第21話 四男は町の食事処に入る
声の方を向くと、大柄な獣人が、こちらへ向かって片手を上げていた。
外套を羽織っていても分かる、分厚い肩と大きな身体。
その隣には、ラウガと比べるとずいぶん小柄に見える二人が立っている。
「ラウガさん?」
「なんだ、お前、こんなところで何をしてやがる」
ラウガが、泥の道を気にも留めない様子で近づいてくる。
「それは僕が聞きたいです。どうしてドリスタに?」
「仕事だ、仕事。近くで少し用があってな。ちょうど片付いたところだ」
「そうだったんですね。僕は、昨日こちらへ着いたばかりなんです」
「ほう。何の用事だ?」
「父様から、こちらの仕事を見て学ぶように言われました。でも今日は雨で、採掘現場へ行けなくなってしまって」
「がはは! そりゃあ残念だったな」
ラウガの大きな笑い声を聞くと、知らない町の中に馴染みのある場所ができたように感じた。
「ユキア様、お知り合いですか?」
グレンが、警戒を解かないまま尋ねる。
「はい。エルヴィンの家で、何度か会っている方です」
「ラウガだ」
その言葉に、グレンはすぐ警戒を解いたわけではなかったけれど、剣呑な空気は少し薄れた。
「ラウガさんたちは、これから夕食ですか?」
「おう。そのつもりだ。連れとどこかで腹に入れようと思ってな」
ラウガが、親指で後ろを示した。
少し離れた場所にいた二人が、何の話だろうという顔でこちらを見ている。
「でしたら、僕たちもご一緒していいですか?」
「ほう。
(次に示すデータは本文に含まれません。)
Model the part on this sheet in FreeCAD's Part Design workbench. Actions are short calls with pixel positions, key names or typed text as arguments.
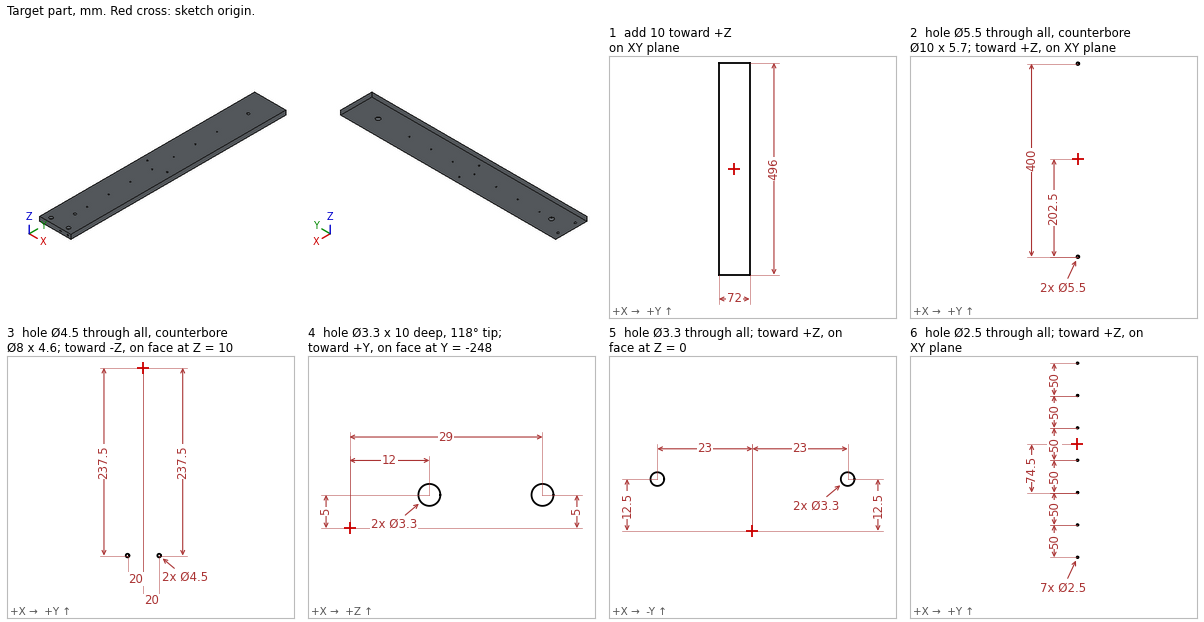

坊主が俺たちと飯か?」
「今日は、町の食事処で夕食を取ってみたいと思っていたんです。でも、僕たちだけでは、どの店がいいのか分からなくて」
そう言ってから、僕はグレンへ目を向けた。
「ラウガさんに案内してもらって、グレンも同行するなら、問題ありませんか?」
グレンは、ラウガと、その後ろの二人へ順に視線を向けた。
「店を確認した上で、私も同席するのであれば」
「だそうです」
「がはは! 護衛殿は堅いな。まあ、当然か」
「分かった。案内してやる。ただ、今日はいつもの店はやめておくか」
「いつもの店では、だめなんですか?」
「お前が気にしなくても、周りが気にするんだよ。領主様んところの坊主を連れて、騒がしい店へ入るわけにもいかんだろ」
ラウガはそう言ってから、離れた場所にいる二人の方を振り返った。
「おい、フィン、ミレア! こいつらも一緒に飯を食うぞ!」
ラウガが声を張ると、二人は揃ってこちらを見た。
小柄な男は一瞬きょとんとしたあと、すぐに呆れたような顔になり、若い女性とともにこちらへ歩いてきた。
「ちょっと待て、ラウガ」
近くまで来たところで、男が口を開いた。
「なぜ君は、こっちへ相談する前に話を決めるんだい?」
「一緒に飯を食うくらい、別に構わねえだろ」
「そういう問題じゃないんだよ」
近くで見ると、男は尖った耳を持つエルフだった。
成人の男性としては小柄で、ラウガの隣に立つと余計にその差が目につく。
隣の女性も小柄で、杖を抱えるように持ちながら、どこか落ち着かなさそうに視線を揺らしていた。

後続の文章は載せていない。